La medicina: de Hipócrates a Galeno (Parte 3)

La medicina: de Hipócrates a Galeno (Parte 3)

Por Leonardo Moledo
Un poco de medicina romana
Antes de ser cooptada por la medicina griega, la medicina romana tenía una historia heredada de los etruscos, que, como todas las medicinas primitivas, era una mezcla de prácticas mágicas y adivinatorias, con todos los chirimbolos y accesorios de siempre. Era un sistema arcaico, por lo que la superioridad de la medicina griega no tardó en imponerse, y, en realidad, nunca pudo hablarse propiamente de medicina romana, porque todos los actores fueron griegos (como en casi todas las ciencias, por otra parte). Además, los principales centros médicos continuaron situados en ciudades griegas del Mediterráneo oriental. De
todas formas, en Roma aparecieron varias escuelas en el siglo I a.C. que llegaron a alcanzar fama: la escuela metódica, la pneumática y la empírica. Habría que agregar, a estas tres, una cuarta (la dogmática), en contra de cuyas posturas racionalistas se alzaron los representantes de las demás escuelas. Los dogmáticos estaban más interesados por encontrar las causas ocultas de los males que por buscar tratamientos efectivos, lo cual puede ser válido para una ciencia cualquiera pero no para una que depende tanto de los resultados concretos como la medicina.

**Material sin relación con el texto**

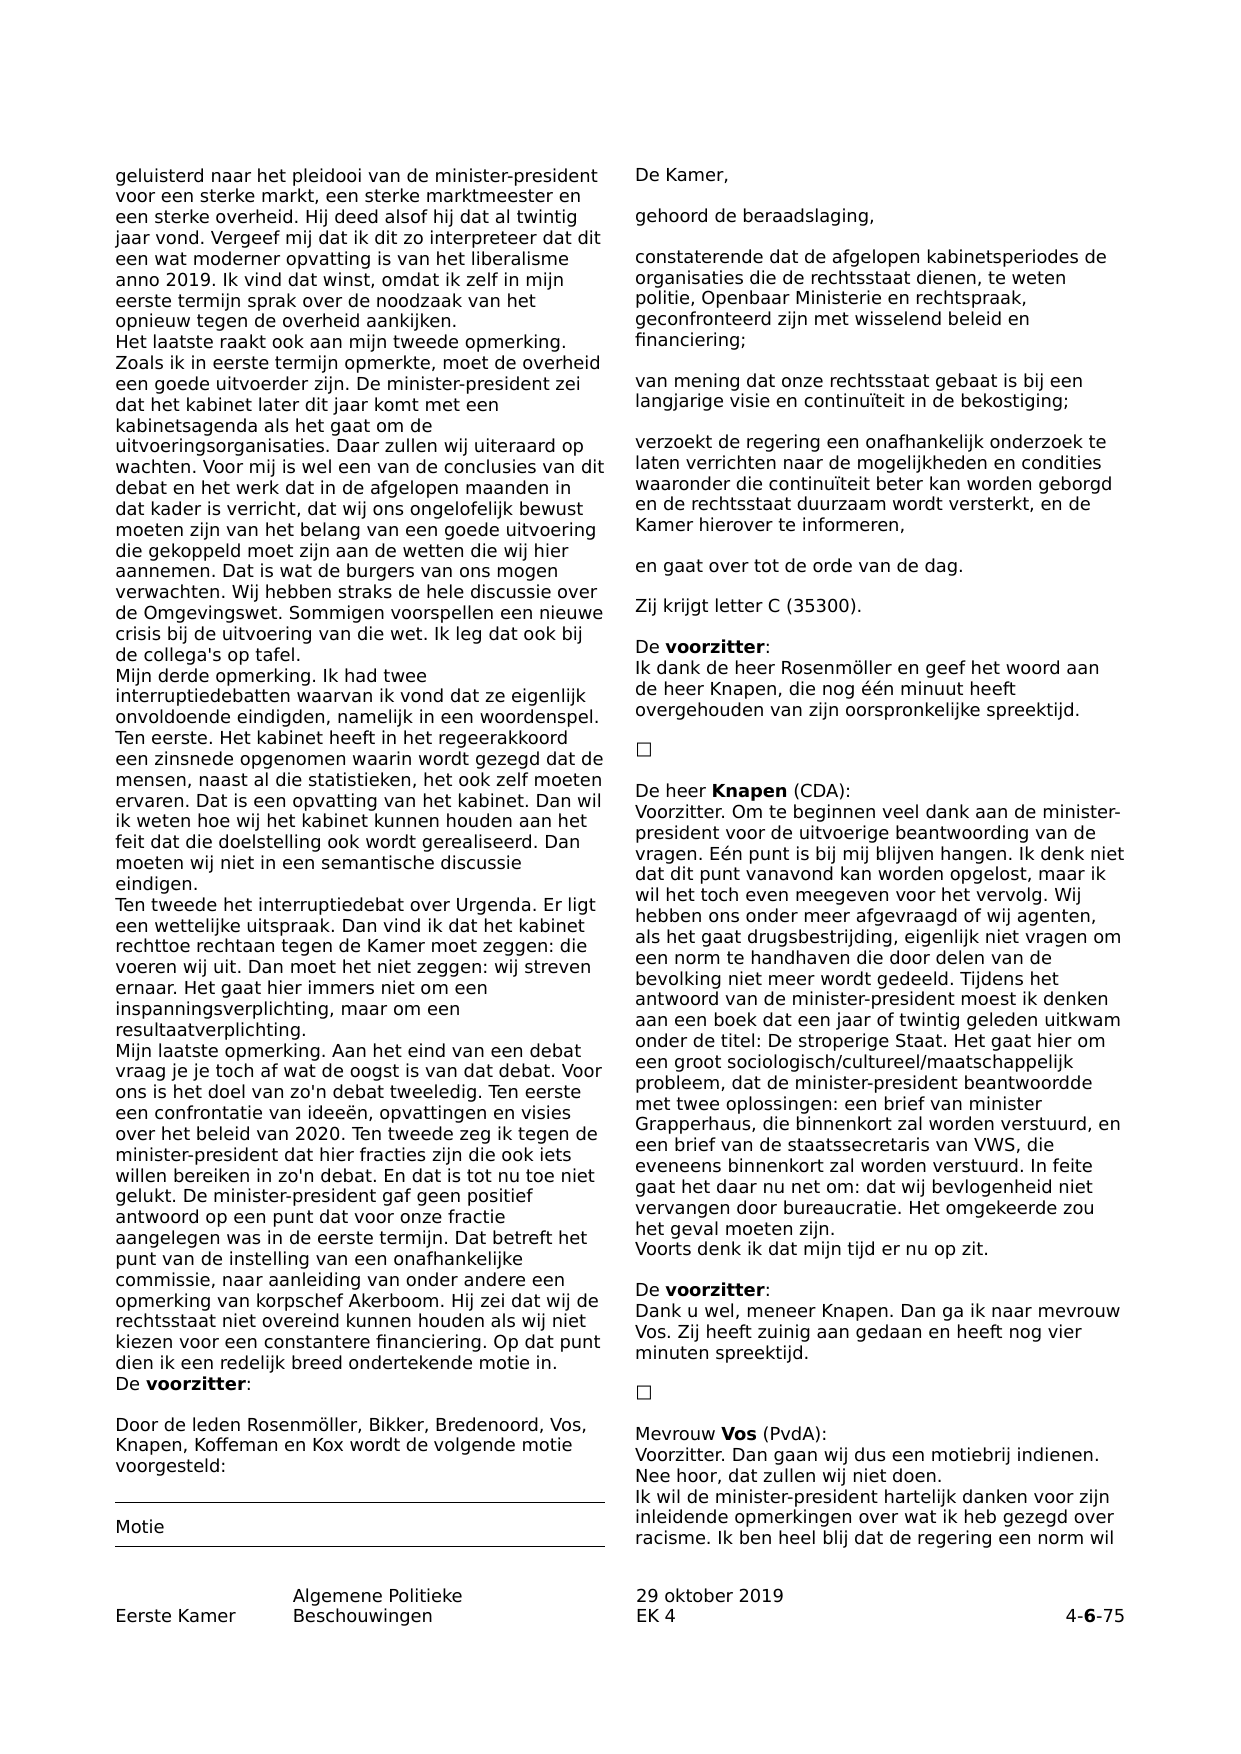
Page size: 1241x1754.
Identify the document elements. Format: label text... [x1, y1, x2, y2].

text Door de leden Rosenmöller, Bikker, Bredenoord, Vos, Knapen, Koffeman en Kox wordt de volgende motie voorgesteld: [115, 1414, 605, 1477]
text geluisterd naar het pleidooi van de minister-president voor een sterke markt, een sterke marktmeester en een sterke overheid. Hij deed alsof hij dat al twintig jaar vond. Vergeef mij dat ik dit zo interpreteer dat dit een wat moderner opvatting is van het liberalisme anno 2019. Ik vind dat winst, omdat ik zelf in mijn eerste termijn sprak over de noodzaak van het opnieuw tegen de overheid aankijken. [115, 165, 605, 332]
text ⬜ [635, 740, 1125, 761]
text De voorzitter: [115, 1374, 605, 1394]
text van mening dat onze rechtsstaat gebaat is bij een langjarige visie en continuïteit in de bekostiging; [635, 370, 1125, 412]
text en gaat over tot de orde van de dag. [635, 556, 1125, 576]
text Voorzitter. Om te beginnen veel dank aan de minister-president voor de uitvoerige beantwoording van de vragen. Eén punt is bij mij blijven hangen. Ik denk niet dat dit punt vanavond kan worden opgelost, maar ik wil het toch even meegeven voor het vervolg. Wij hebben ons onder meer afgevraagd of wij agenten, als het gaat drugsbestrijding, eigenlijk niet vragen om een norm te handhaven die door delen van de bevolking niet meer wordt gedeeld. Tijdens het antwoord van de minister-president moest ik denken aan een boek dat een jaar of twintig geleden uitkwam onder de titel: De stroperige Staat. Het gaat hier om een groot sociologisch/cultureel/maatschappelijk probleem, dat de minister-president beantwoordde met twee oplossingen: een brief van minister Grapperhaus, die binnenkort zal worden verstuurd, en een brief van de staatssecretaris van VWS, die eveneens binnenkort zal worden verstuurd. In feite gaat het daar nu net om: dat wij bevlogenheid niet vervangen door bureaucratie. Het omgekeerde zou het geval moeten zijn. [635, 802, 1125, 1239]
text Ten tweede het interruptiedebat over Urgenda. Er ligt een wettelijke uitspraak. Dan vind ik dat het kabinet rechttoe rechtaan tegen de Kamer moet zeggen: die voeren wij uit. Dan moet het niet zeggen: wij streven ernaar. Het gaat hier immers niet om een inspanningsverplichting, maar om een resultaatverplichting. [115, 894, 605, 1040]
text Zij krijgt letter C (35300). [635, 596, 1125, 617]
text verzoekt de regering een onafhankelijk onderzoek te laten verrichten naar de mogelijkheden en condities waaronder die continuïteit beter kan worden geborgd en de rechtsstaat duurzaam wordt versterkt, en de Kamer hierover te informeren, [635, 432, 1125, 536]
text constaterende dat de afgelopen kabinetsperiodes de organisaties die de rechtsstaat dienen, te weten politie, Openbaar Ministerie en rechtspraak, geconfronteerd zijn met wisselend beleid en financiering; [635, 247, 1125, 350]
text Het laatste raakt ook aan mijn tweede opmerking. Zoals ik in eerste termijn opmerkte, moet de overheid een goede uitvoerder zijn. De minister-president zei dat het kabinet later dit jaar komt met een kabinetsagenda als het gaat om de uitvoeringsorganisaties. Daar zullen wij uiteraard op wachten. Voor mij is wel een van de conclusies van dit debat en het werk dat in de afgelopen maanden in dat kader is verricht, dat wij ons ongelofelijk bewust moeten zijn van het belang van een goede uitvoering die gekoppeld moet zijn aan de wetten die wij hier aannemen. Dat is wat de burgers van ons mogen verwachten. Wij hebben straks de hele discussie over de Omgevingswet. Sommigen voorspellen een nieuwe crisis bij de uitvoering van die wet. Ik leg dat ook bij de collega's op tafel. [115, 332, 605, 665]
text Voorzitter. Dan gaan wij dus een motiebrij indienen. Nee hoor, dat zullen wij niet doen. [635, 1445, 1125, 1486]
text Ik dank de heer Rosenmöller en geef het woord aan de heer Knapen, die nog één minuut heeft overgehouden van zijn oorspronkelijke spreektijd. [635, 658, 1125, 720]
text Mijn derde opmerking. Ik had twee interruptiedebatten waarvan ik vond dat ze eigenlijk onvoldoende eindigden, namelijk in een woordenspel. Ten eerste. Het kabinet heeft in het regeerakkoord een zinsnede opgenomen waarin wordt gezegd dat de mensen, naast al die statistieken, het ook zelf moeten ervaren. Dat is een opvatting van het kabinet. Dan wil ik weten hoe wij het kabinet kunnen houden aan het feit dat die doelstelling ook wordt gerealiseerd. Dan moeten wij niet in een semantische discussie eindigen. [115, 665, 605, 894]
text Ik wil de minister-president hartelijk danken voor zijn inleidende opmerkingen over wat ik heb gezegd over racisme. Ik ben heel blij dat de regering een norm wil [635, 1486, 1125, 1549]
text Dank u wel, meneer Knapen. Dan ga ik naar mevrouw Vos. Zij heeft zuinig aan gedaan en heeft nog vier minuten spreektijd. [635, 1301, 1125, 1363]
text De voorzitter: [635, 1280, 1125, 1301]
text De Kamer, [635, 165, 1125, 186]
text gehoord de beraadslaging, [635, 206, 1125, 227]
text De voorzitter: [635, 637, 1125, 658]
text Voorts denk ik dat mijn tijd er nu op zit. [635, 1239, 1125, 1260]
text De heer Knapen (CDA): [635, 781, 1125, 802]
text ⬜ [635, 1383, 1125, 1404]
text Mijn laatste opmerking. Aan het eind van een debat vraag je je toch af wat de oogst is van dat debat. Voor ons is het doel van zo'n debat tweeledig. Ten eerste een confrontatie van ideeën, opvattingen en visies over het beleid van 2020. Ten tweede zeg ik tegen de minister-president dat hier fracties zijn die ook iets willen bereiken in zo'n debat. En dat is tot nu toe niet gelukt. De minister-president gaf geen positief antwoord op een punt dat voor onze fractie aangelegen was in de eerste termijn. Dat betreft het punt van de instelling van een onafhankelijke commissie, naar aanleiding van onder andere een opmerking van korpschef Akerboom. Hij zei dat wij de rechtsstaat niet overeind kunnen houden als wij niet kiezen voor een constantere financiering. Op dat punt dien ik een redelijk breed ondertekende motie in. [115, 1040, 605, 1374]
text Mevrouw Vos (PvdA): [635, 1424, 1125, 1445]
text Motie [115, 1517, 605, 1537]

No está de más insistir: la medicina, mucho más que cualquier otra rama de las ciencias cuyo recorrido estamos siguiendo aquí, mantiene y renueva constantemente (aún hoy) una natural tensión entre la empiria y la teoría. La decisión sobre si el elemento originario es el agua o el aire, o si el ser es móvil o inmóvil, parece ser mucho más ajena a la aplicación práctica que una terapéutica: en este último caso, sea cual fuere la teoría, su corrección o incorrección se valorará inmediatamente a partir de los resultados. Hoy en día, por ejemplo, un paciente está muy poco interesado en las cuestiones teóricas que hay detrás de un tratamiento: mientras sea efectivo, alcanza y sobra.

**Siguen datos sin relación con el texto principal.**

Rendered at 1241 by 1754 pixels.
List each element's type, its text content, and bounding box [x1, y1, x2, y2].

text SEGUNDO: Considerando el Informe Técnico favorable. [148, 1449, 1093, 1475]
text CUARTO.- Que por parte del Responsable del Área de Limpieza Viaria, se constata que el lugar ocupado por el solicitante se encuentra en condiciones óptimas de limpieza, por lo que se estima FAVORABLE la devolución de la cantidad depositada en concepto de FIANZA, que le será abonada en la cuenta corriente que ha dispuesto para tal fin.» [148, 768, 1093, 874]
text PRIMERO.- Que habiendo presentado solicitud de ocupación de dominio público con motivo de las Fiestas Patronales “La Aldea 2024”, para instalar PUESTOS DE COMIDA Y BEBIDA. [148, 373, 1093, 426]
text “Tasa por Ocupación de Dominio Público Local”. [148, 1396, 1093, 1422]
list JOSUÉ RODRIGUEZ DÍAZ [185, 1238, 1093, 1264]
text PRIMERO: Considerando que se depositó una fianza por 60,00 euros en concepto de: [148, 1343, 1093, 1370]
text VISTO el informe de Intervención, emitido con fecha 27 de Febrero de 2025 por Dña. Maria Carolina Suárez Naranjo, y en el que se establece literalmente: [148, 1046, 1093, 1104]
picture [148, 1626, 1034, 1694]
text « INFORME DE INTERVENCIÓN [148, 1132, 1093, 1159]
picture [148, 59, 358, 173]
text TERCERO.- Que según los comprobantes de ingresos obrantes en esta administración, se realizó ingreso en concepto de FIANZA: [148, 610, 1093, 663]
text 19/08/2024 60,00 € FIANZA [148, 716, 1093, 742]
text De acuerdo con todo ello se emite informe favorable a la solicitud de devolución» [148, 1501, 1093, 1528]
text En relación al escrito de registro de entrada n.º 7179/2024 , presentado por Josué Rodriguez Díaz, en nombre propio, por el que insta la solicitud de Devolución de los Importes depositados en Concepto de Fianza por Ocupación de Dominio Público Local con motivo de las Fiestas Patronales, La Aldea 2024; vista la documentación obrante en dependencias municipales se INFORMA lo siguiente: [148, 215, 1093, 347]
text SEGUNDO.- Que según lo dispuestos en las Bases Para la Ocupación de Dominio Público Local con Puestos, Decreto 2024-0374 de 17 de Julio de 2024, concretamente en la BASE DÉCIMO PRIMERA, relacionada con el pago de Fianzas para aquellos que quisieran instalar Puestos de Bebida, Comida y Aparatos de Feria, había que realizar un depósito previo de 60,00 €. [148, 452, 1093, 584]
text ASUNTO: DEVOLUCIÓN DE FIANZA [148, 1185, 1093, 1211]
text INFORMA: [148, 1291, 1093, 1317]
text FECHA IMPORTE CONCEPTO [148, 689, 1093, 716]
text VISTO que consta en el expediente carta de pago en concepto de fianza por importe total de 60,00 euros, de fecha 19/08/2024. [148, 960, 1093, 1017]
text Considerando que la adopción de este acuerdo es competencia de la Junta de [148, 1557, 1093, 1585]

De una u otra forma, las distintas es¬cuelas médicas asumieron (no necesariamente en forma explícita) esta tensión entre explicación y aplicación, acumulando las cargas de uno u otro lado de la balanza.
Es curiosa la escuela metódica, que es¬tuvo inspirada por el primer médico griego de importancia que fijó su residencia en Roma, Asclepíades. Se cuenta que una vez, caminando por las calles de la ciudad, vio pasar un cortejo fúnebre, y de inmediato su ojo clínico descubrió signos de vida en el “cadáver”. Convenció a los dolientes de transportarlo a una casa cercana, en la que consiguió devolverlo a la vida. Como es de imaginar, y suponiendo que la historia sea cierta, obtuvo inmediata fama y su escuela prosperó. Asclepíades se opuso abiertamente a los planteamientos de Hipócrates y formuló una concepción mecanicista del cuerpo humano, junto a una interpretación de sus enfermedades basada en la física ato-mista de Demócrito y Leucipo (sobre la que ya tuvimos ocasión de conversar hace algunos fascículos).

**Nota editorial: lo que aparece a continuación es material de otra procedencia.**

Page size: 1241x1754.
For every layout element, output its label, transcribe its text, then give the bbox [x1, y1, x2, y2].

Según Asclepíades, el cuerpo humano se compone de “átomos” entrelazados que integran sus partes sólidas, por cuyos poroi (canales orgánicos) se mueven los fluidos y el pneuma, compuestos también por átomos muy sutiles. Todos los átomos se mueven por sí mismos y la enfermedad no es otra cosa que una perturbación mecánica de su movimiento; el objetivo de la terapéutica, por lo tanto, consiste en restablecer la normalidad mediante regímenes dietéticos, curas ambientales, intervenciones quirúrgicas y métodos mecánicos como el masaje, la gimnasia y la hidroterapia.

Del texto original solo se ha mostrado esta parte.